*Requirement:*
Some lines in the data below hold the string "which". Report how many, as a bare number.
###
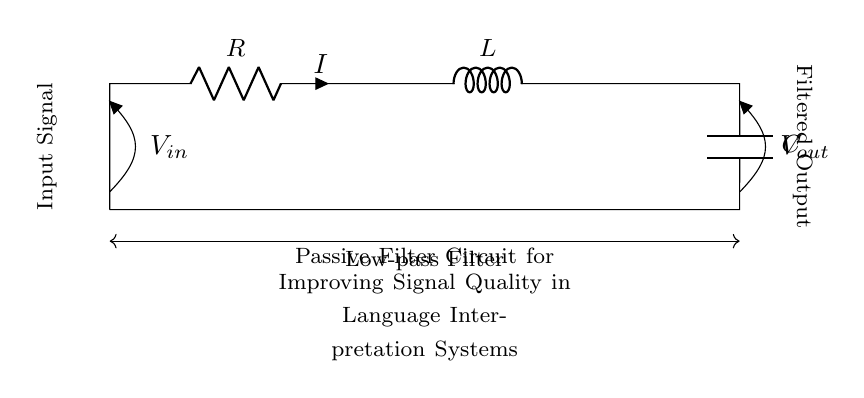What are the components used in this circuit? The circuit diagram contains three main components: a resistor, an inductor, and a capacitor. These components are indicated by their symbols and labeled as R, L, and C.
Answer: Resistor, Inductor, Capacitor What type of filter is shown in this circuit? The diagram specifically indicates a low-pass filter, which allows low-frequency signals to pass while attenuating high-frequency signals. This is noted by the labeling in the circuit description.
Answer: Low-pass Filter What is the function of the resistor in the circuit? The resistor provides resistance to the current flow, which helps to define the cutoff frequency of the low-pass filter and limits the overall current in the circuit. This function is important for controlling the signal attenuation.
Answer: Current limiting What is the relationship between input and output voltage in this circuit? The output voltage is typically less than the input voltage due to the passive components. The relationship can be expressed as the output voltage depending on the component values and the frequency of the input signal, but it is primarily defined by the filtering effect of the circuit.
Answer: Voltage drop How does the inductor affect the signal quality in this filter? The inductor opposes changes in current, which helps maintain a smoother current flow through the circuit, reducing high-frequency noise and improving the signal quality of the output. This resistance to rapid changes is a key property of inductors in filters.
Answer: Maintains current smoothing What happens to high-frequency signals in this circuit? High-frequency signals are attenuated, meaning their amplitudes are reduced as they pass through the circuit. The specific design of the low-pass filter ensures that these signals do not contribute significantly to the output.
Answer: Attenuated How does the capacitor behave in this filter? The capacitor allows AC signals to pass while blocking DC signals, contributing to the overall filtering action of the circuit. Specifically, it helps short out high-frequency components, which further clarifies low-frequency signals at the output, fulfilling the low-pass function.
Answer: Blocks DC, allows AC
###
*Final answer:*
4